Talazoparib inhibits the PARP protein, which is involved in DNA repair. In theory, by disrupting cancer cells' ability to repair themselves, the drug can slow the uncontrolled growth and replication of cells that are the hallmark of cancer.
Medivation's final-stage breast cancer trial will have results by the first half of 2017, according to the company, and more studies are being run, including in small cell lung cancer, prostate cancer and ovarian cancer. Mr Hung said Medivation is considering shortening the length of the breast cancer study because the size of the responses seen in other trials suggest that the company could assess the drug's effectiveness sooner.

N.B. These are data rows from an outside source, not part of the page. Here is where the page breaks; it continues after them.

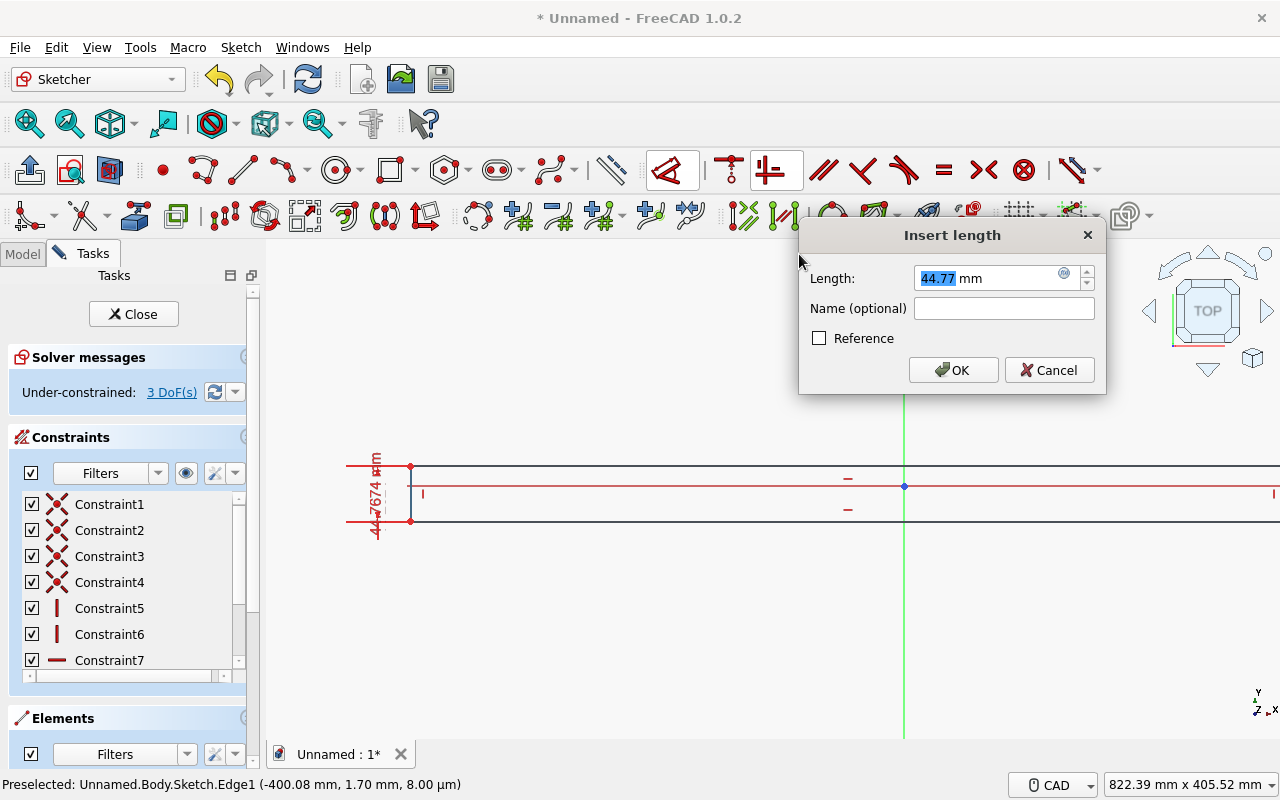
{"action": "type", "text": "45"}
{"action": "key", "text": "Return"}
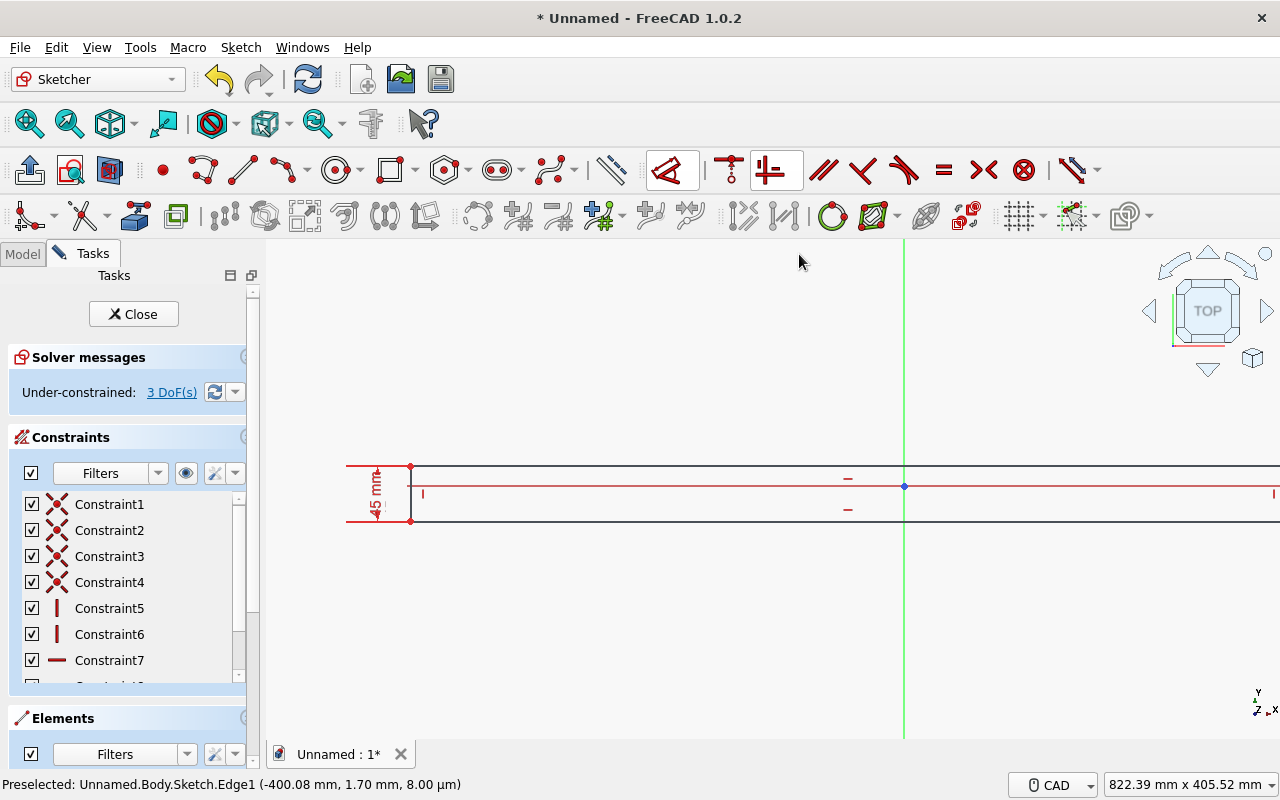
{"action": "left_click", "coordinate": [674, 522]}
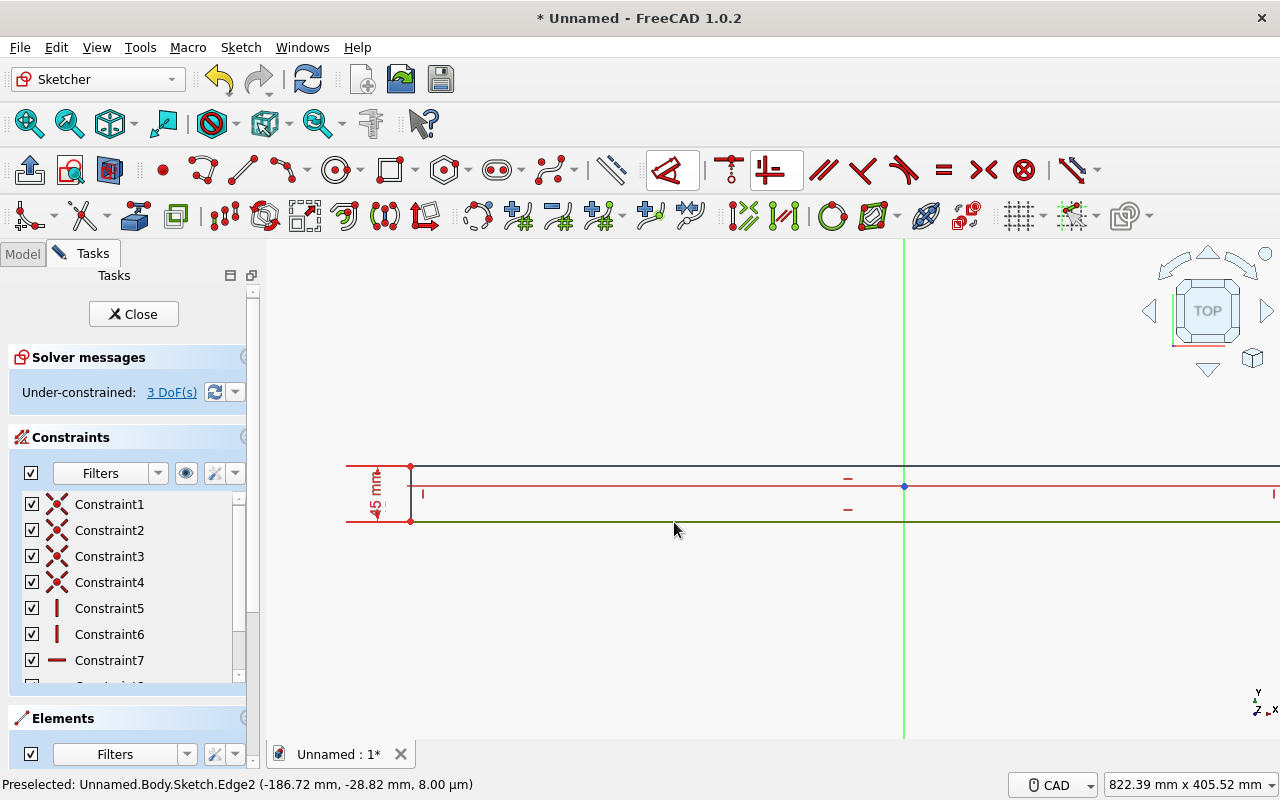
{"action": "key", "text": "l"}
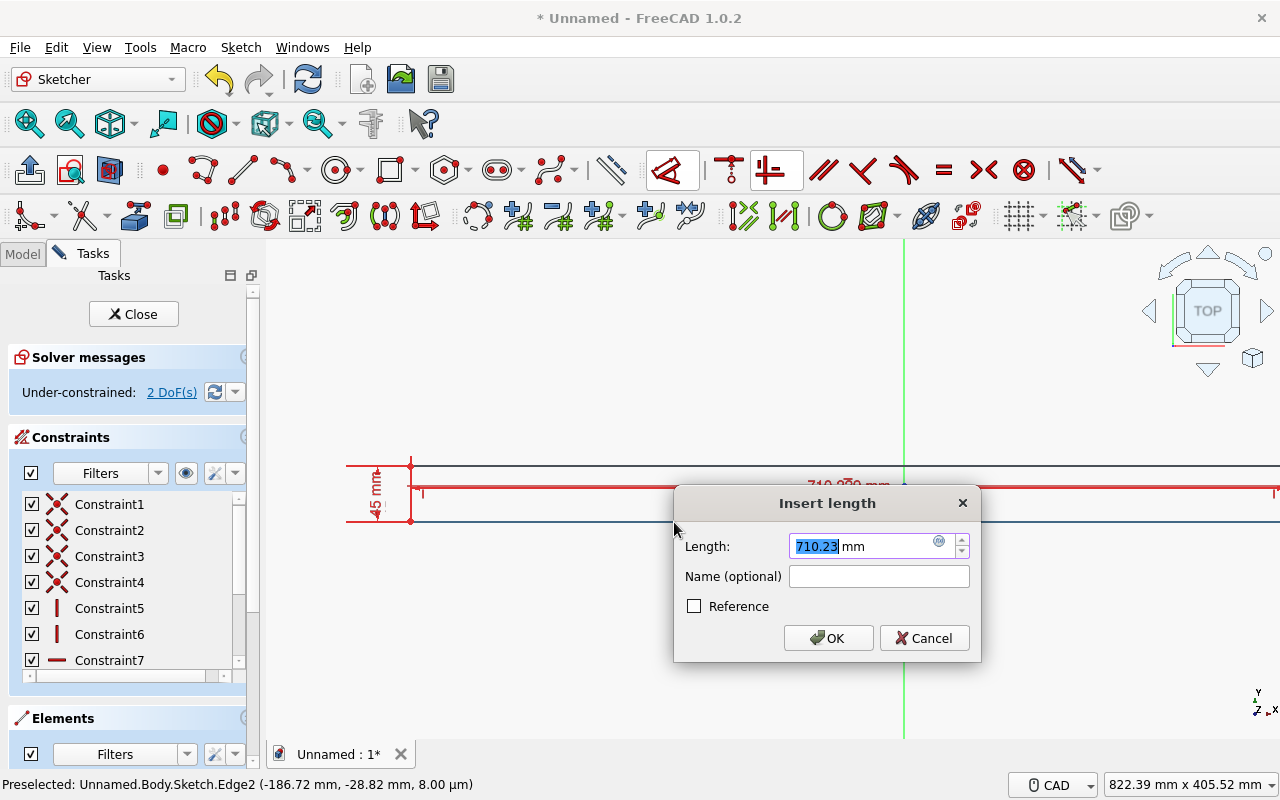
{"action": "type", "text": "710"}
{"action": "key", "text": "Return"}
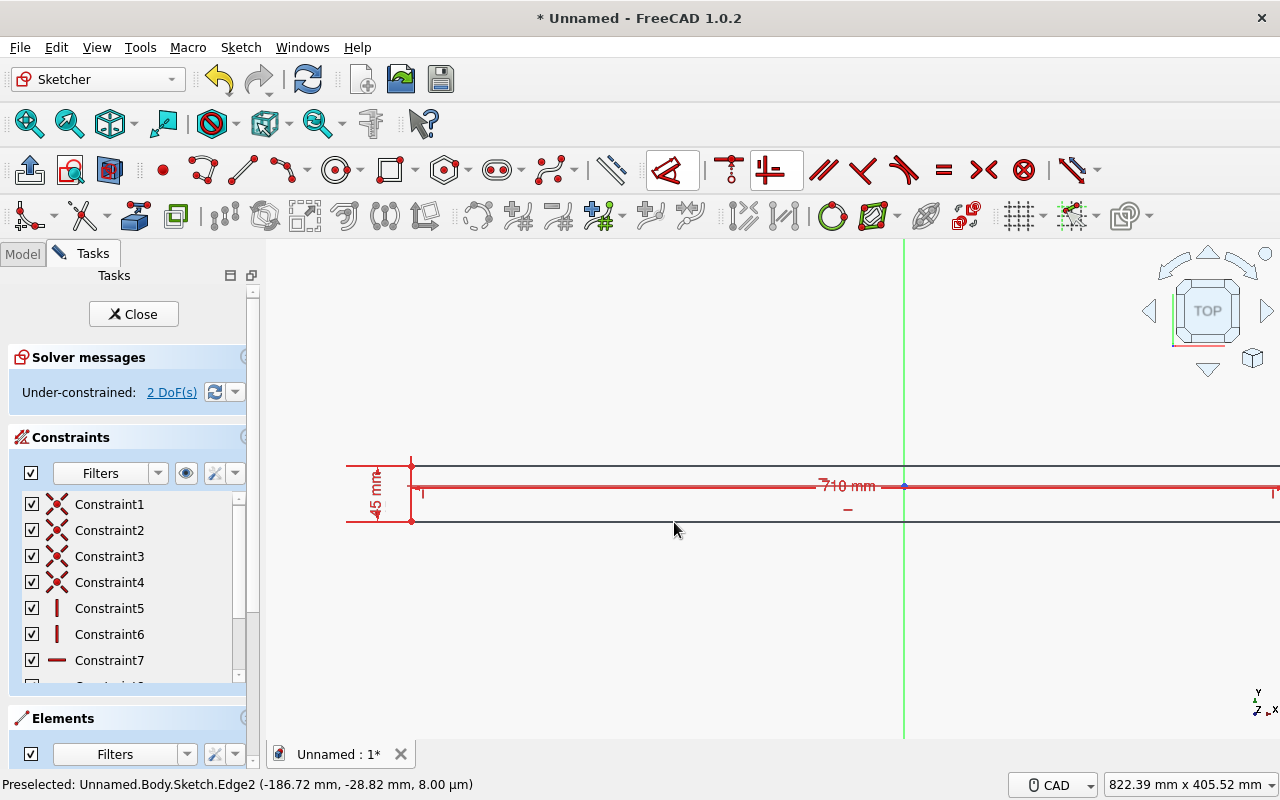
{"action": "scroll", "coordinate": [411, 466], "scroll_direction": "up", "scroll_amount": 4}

If approved, talazoparib will also face competition: AstraZeneca Plc already has reached the market with its own drug, Lynparza, and Tesaro Inc presented better-than-expected results from its experimental treatment last week. AbbVie Inc and Clovis Oncology Inc also are developing their own versions.
Tesaro surprised analysts because its trial showed that the drug appeared to help ovarian cancer patients regardless of whether they tested positive for a measure called homologous recombination deficiency, or HRD, in which the tumor cells' DNA- repair mechanisms are faulty. Analysts had presumed that PARP inhibitors would work only for HRD-positive patients, limiting the potential market for the drug class.
Mr Hung said Medivation's drug is superior even to Tesaro's. Talazoparib's ability to trap PARP is 50 times better than Tesaro's niraparib, and data show that PARP-trapping correlates well with tumor killing, he said.
If Sanofi and other suitors are persuaded by Hung's arguments, they may be willing to increase their bids. Many analysts now expect Medivation to sell for about US$70 a share or more.